___ TASK INPUTS
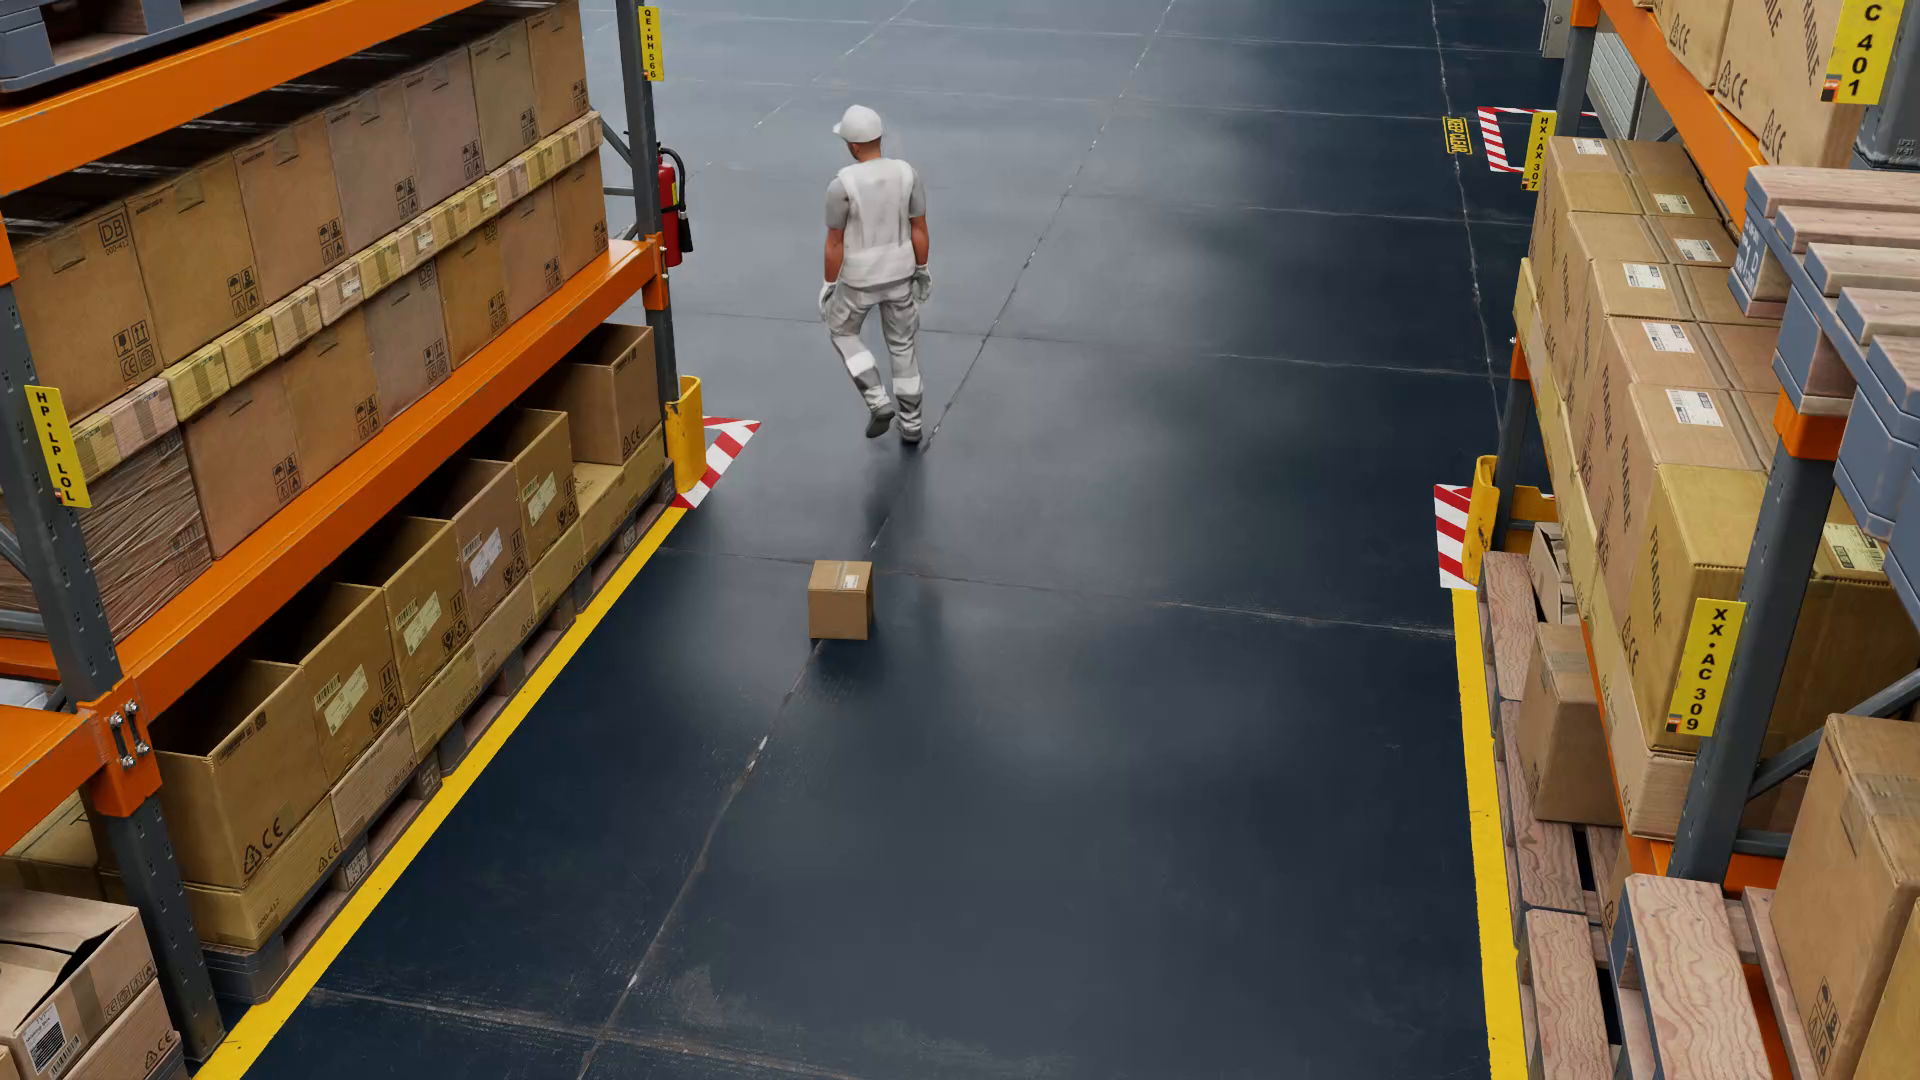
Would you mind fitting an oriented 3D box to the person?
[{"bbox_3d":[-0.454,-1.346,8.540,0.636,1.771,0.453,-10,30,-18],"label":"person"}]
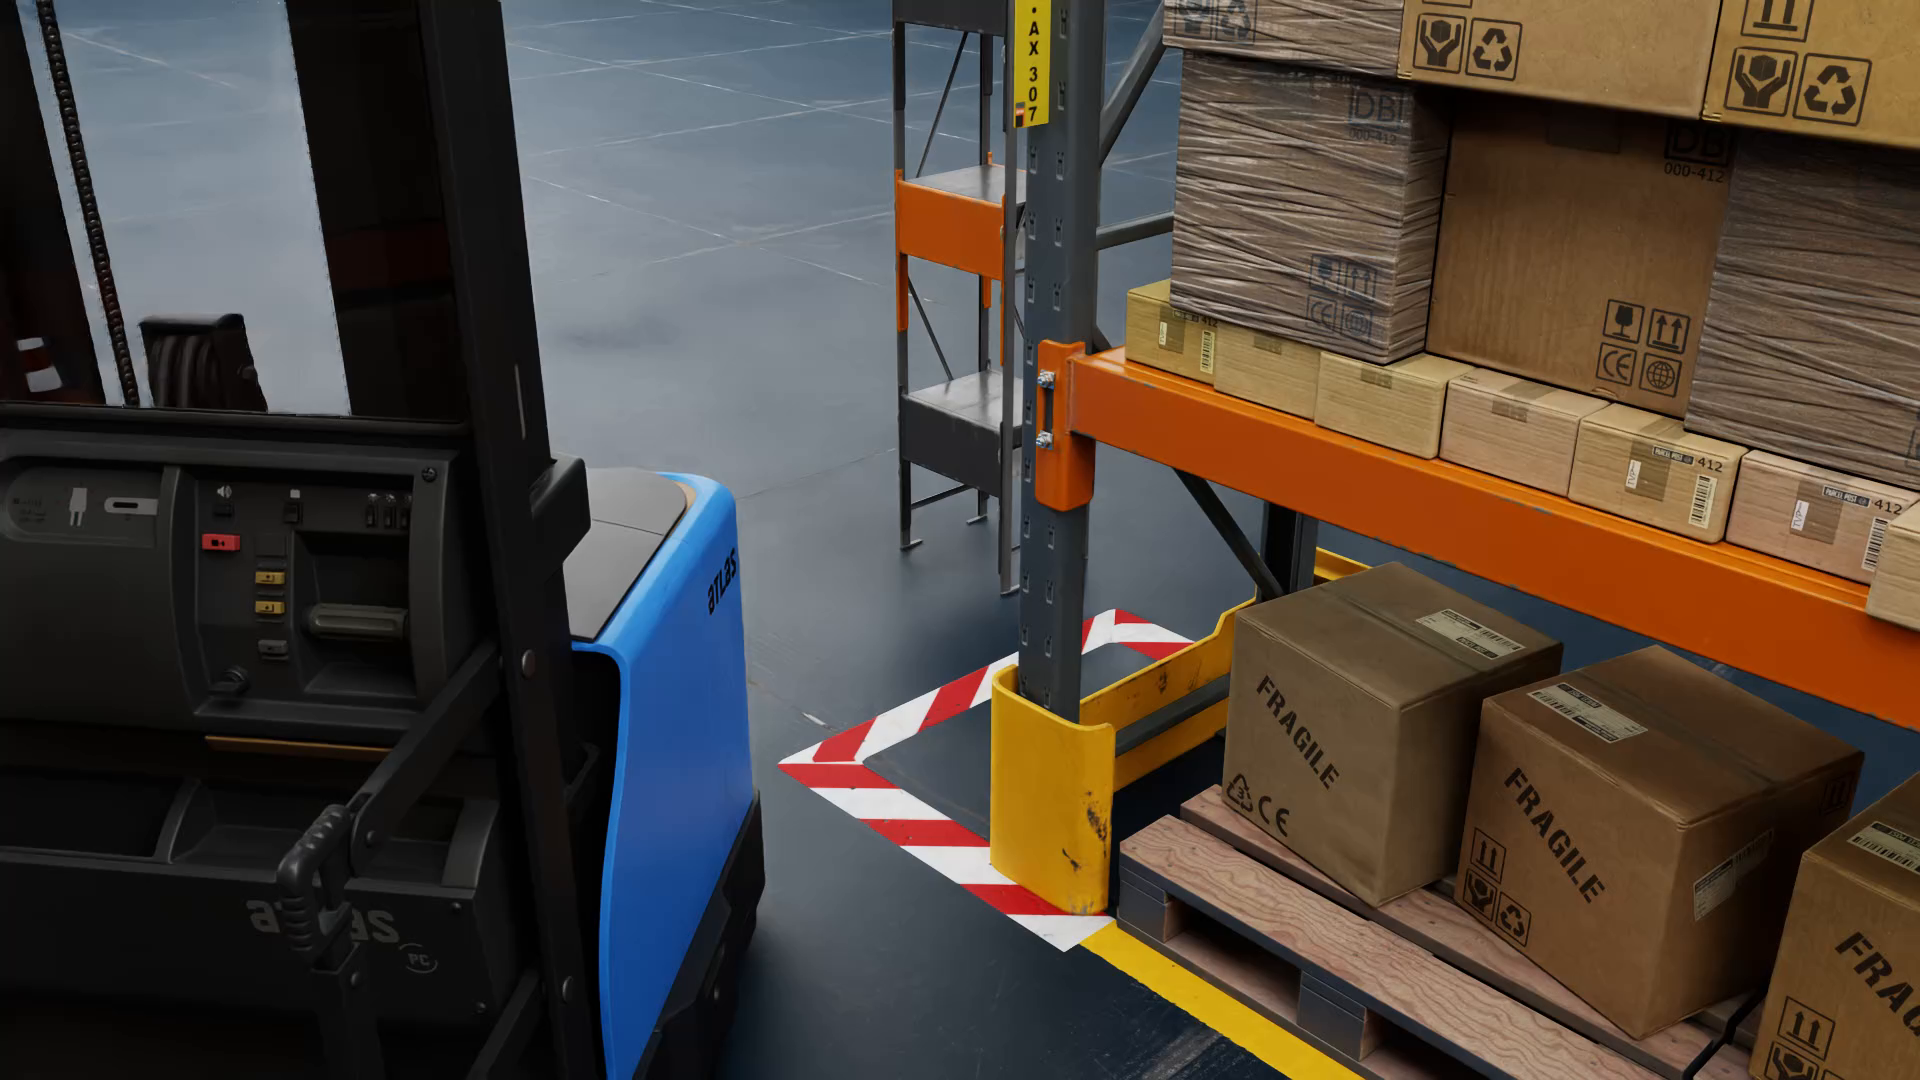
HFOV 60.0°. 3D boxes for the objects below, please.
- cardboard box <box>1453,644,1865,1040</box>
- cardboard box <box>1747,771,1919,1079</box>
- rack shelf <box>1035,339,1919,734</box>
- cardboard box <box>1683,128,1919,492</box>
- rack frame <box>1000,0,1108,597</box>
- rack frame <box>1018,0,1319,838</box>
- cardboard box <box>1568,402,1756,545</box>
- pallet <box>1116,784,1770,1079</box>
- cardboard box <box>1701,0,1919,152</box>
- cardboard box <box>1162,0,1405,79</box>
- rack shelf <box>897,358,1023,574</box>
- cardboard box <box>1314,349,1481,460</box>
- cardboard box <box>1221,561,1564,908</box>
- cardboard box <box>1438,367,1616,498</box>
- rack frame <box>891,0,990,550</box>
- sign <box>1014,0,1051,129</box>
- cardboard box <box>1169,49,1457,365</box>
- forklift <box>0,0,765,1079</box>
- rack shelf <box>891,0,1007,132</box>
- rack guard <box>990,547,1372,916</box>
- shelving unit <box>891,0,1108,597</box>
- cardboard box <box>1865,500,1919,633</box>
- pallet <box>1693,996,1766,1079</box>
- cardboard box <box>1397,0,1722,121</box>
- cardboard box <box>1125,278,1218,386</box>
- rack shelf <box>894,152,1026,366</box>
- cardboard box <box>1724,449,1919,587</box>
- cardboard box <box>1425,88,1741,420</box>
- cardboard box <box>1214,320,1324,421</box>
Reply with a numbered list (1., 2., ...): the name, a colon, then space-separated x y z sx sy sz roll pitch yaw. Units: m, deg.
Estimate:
______
Could you filter the material above and copy each line that holds the word "frame"?

WRITTEN ANSWER ->
- rack frame <box>1000,0,1108,597</box>
- rack frame <box>1018,0,1319,838</box>
- rack frame <box>891,0,990,550</box>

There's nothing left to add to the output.